Ayrıca, iş sözleşmesinin sona ermesinin ardından işveren ve işçi arasındaki ilişkilerle ilgili hukuki konular da vardır. Bu, “kalıcı etki” olarak adlandırılan bir kavramdır. Bu, iş sözleşmesinin geçerlilik süresinin dolması gibi nedenlerle resmi olarak geçersiz kılınmasının ardından bile, sözleşmede belirlenen iş koşullarının, bireysel iş sözleşmelerinin içeriği olarak, fiilen etkili olmaya devam ettiği fikridir. Sözleşmenin geçersiz kılınması, iş koşullarının hemen sözleşme yapılmadan önceki duruma dönmesine veya yasal minimum standartlara kadar düşürülmesine neden olmaz. Sözleşmeyle oluşturulan iş koşulları, yeni bir iş sözleşmesi yapılmadıkça veya yasal olarak geçerli bir işlemle (örneğin, işyeri kurallarının makul bir şekilde dezavantajlı değiştirilmesi gibi) değiştirilmedikçe, bireysel iş sözleşmelerinin içeriği olarak devam eder. Kalıcı etkinin varlığı, işverenin iş sözleşmesini sona erdirmiş olsa bile, bu durumun iş koşullarını hemen tek taraflı olarak düşürmesine izin vermediği anlamına gelir ve işletme kararları alınırken tam olarak farkında olunması gereken önemli bir hukuki sınırlamadır.
Özet
Bu makalede ayrıntılı olarak açıkladığımız üzere, iş sözleşmeleri Japon iş hukuku sistemi içinde özel bir yere sahip olup, son derece güçlü hukuki belgelerdir. Bunların etkisi, işverenler tarafından belirlenen iş kuralları ve bireysel çalışanlarla yapılan iş sözleşmelerine üstün gelir ve çalışma koşullarını doğrudan düzenler. Yöneticiler ve hukuk departmanı yetkilileri, iş sözleşmelerinin katı bir yazılı form ve imza/mühür basma gibi şartları gerektirdiğini anlamalı ve düşünülmeden yapılan sözlü anlaşmaların istenmeyen hukuki bağlayıcılık riskini ortaya çıkarabileceğini göz önünde bulundurmalıdır. Ayrıca, var olan sözleşmelerin, bireysel çalışanların hak ve yükümlülüklerini şekillendiren ‘normatif etki’ ve işçi sendikaları ile yapılan organizasyonlar arası vaatler olan ‘borç etkisi’ olmak üzere iki farklı yönünü ayırt etmeli ve her birinden kaynaklanan farklı hukuki riskleri yönetmelidir. Üstelik, sendika üyeleri iş yerinin dörtte üçünden fazlasını oluşturduğunda, sözleşmenin etkisinin sendika üyesi olmayanlara da uzandığı ‘genel bağlayıcılık’ adında bir sistem bulunmaktadır; ancak dezavantajlı değişiklikler söz konusu olduğunda, mahkemelerin makuliyet denetimine tabi tutulabileceğini unutmamak gerekir.
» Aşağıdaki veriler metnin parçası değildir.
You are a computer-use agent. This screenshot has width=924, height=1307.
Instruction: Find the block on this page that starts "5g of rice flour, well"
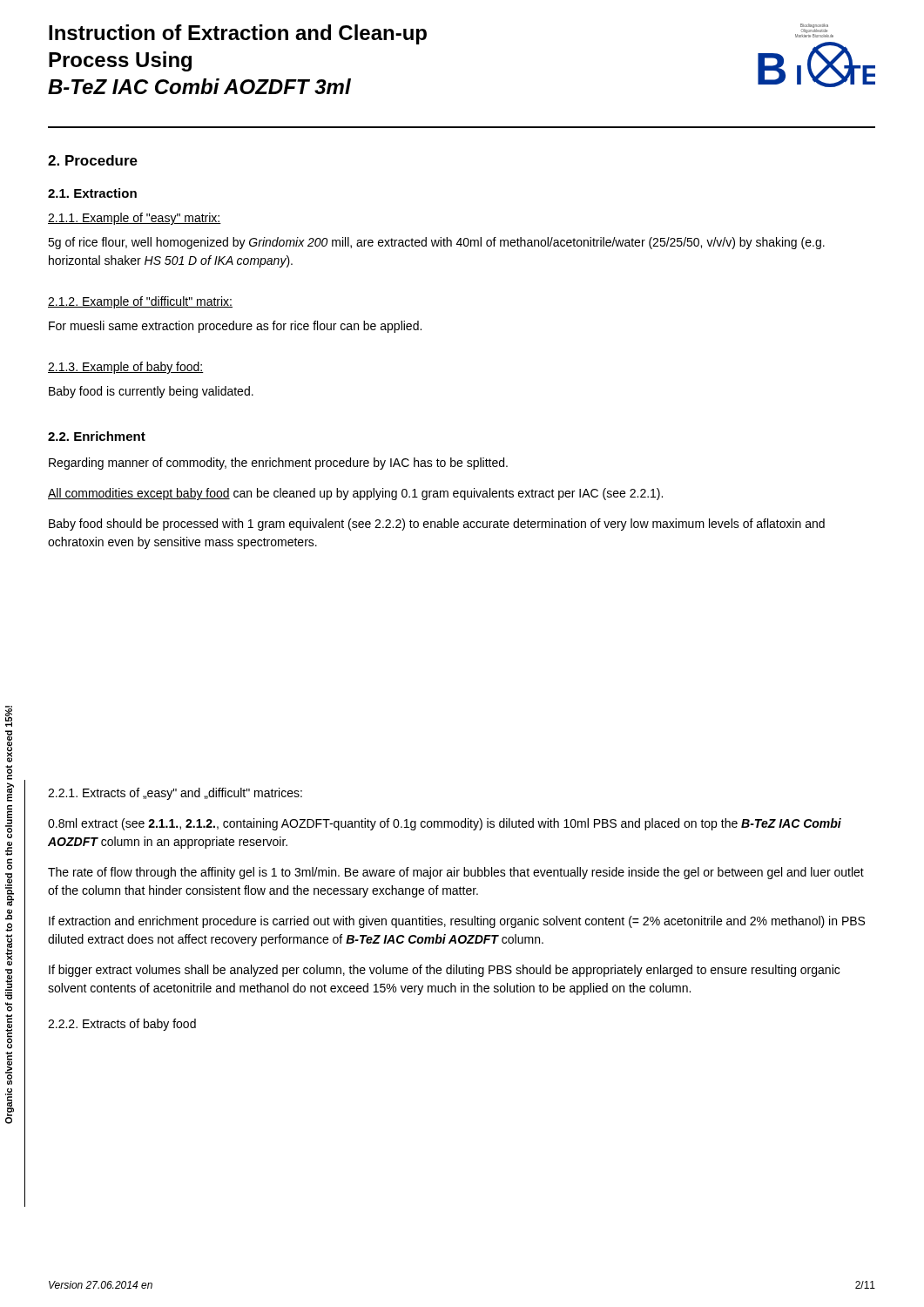437,251

Ve sözleşmeyi sonlandırırken, tek taraflı feshin haksız iş uygulaması olarak görülebileceği riskini ve sözleşmenin sona ermesinden sonra bile çalışma koşullarının devam ettiği ‘sonrasal etki’ adında bir hukuk ilkesinin bulunduğunu göz önünde bulundurarak, dikkatli prosedürler izlenmelidir. İş sözleşmeleri, iş ilişkilerinin istikrarına katkıda bulunurken, bir kez yapıldığında şirketlerin yönetim kararlarına uzun vadeli ve önemli etkilerde bulunabilir.
Biz Monolit Hukuk Bürosu olarak, Japonya’daki birçok müşterimize, bu makalede açıklanan iş sözleşmeleriyle ilgili hukuki sorunlar konusunda geniş bir danışmanlık ve destek yelpazesi sunmuş bulunmaktayız. Büromuzda, çeşitli yabancı avukatlık niteliklerine sahip İngilizce konuşan avukatlar da dahil olmak üzere, uluslararası iş geliştirmeler yürüten şirketlerin Japon karmaşık iş hukuku düzenlemelerine stratejik bir bakış açısıyla destek olabiliriz. İş sözleşmelerinin yeni müzakereleri, mevcut sözleşmelerin gözden geçirilmesi veya işçi sendikalarıyla olan anlaşmazlıkların çözümü gibi her türlü durumda uzman hukuki hizmetler sunmaktayız.